I look back now and I realize
– Şimdi geriye bakıyorum ve fark ediyorum

I remember when I held you
– Seni kucağıma aldığımı hatırlıyorum.
You begged me with your drowning eyes to stay
– Boğulmakta olan gözlerinle kalmam için bana yalvardın.
And I regret I didn’t tell you
– Ve sana söylemediğim için pişmanım.
Now I can’t keep you from loving him, you made up your mind
– Şimdi onu sevmeni engelleyemem, kararını verdin.

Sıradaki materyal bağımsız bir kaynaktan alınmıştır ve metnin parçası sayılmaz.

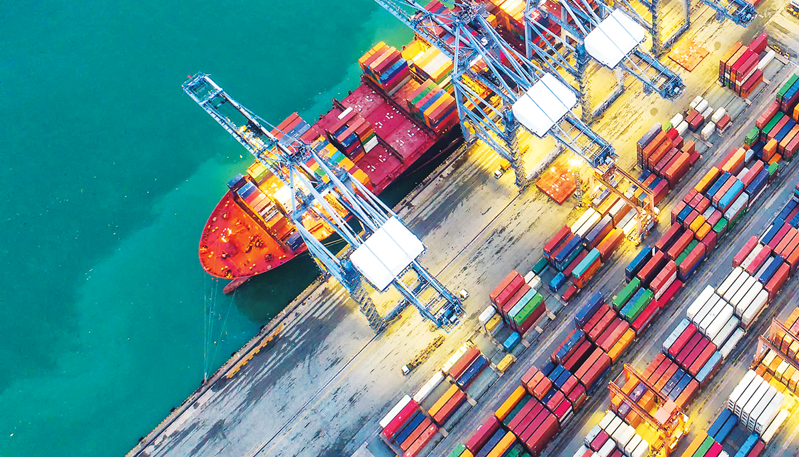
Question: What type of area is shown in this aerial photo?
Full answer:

Say I love you, girl, but I’m out of time
– Seni sevdiğimi söyle kızım ama zamanım kalmadı.
Say I’m there for you, but I’m out of time
– Yanında olduğumu söyle, ama zamanım kalmadı.
Say that I’ll care for you, but I’m out of time
– Sana değer vereceğimi söyle, ama zamanım kalmadı.
Said I’m too late to make you mine, out of time
– Seni benim yapmak için çok geç olduğumu söyledi, zamanın dışında

If he mess up just a little
– Eğer biraz ortalığı karıştırırsa
Baby, you know my line
– Bebeğim, repliğimi biliyorsun.
If you don’t trust him a little
– Eğer ona biraz güvenmezsen
Then come right back, girl, come right back
– O zaman hemen geri gel kızım, hemen geri gel
Give me one chance, just a little
– Bana bir şans ver, birazcık
Baby, I’ll treat you right
– Bebeğim, sana iyi davranacağım.
And I’ll love you like I should’ve loved you all the time
– Ve seni her zaman sevmem gerektiği gibi seveceğim

I remember when I held you (held you, baby)
– Seni kucağıma aldığımı hatırlıyorum (kucağıma aldım bebeğim)
You begged me with your drowning eyes to stay (never again, baby)
– Boğulma gözlerinle kalmam için bana yalvardın (bir daha asla bebeğim)
And I regret I didn’t tell you
– Ve sana söylemediğim için pişmanım.
Now I can’t keep you from loving him, you made up your mind
– Şimdi onu sevmeni engelleyemem, kararını verdin.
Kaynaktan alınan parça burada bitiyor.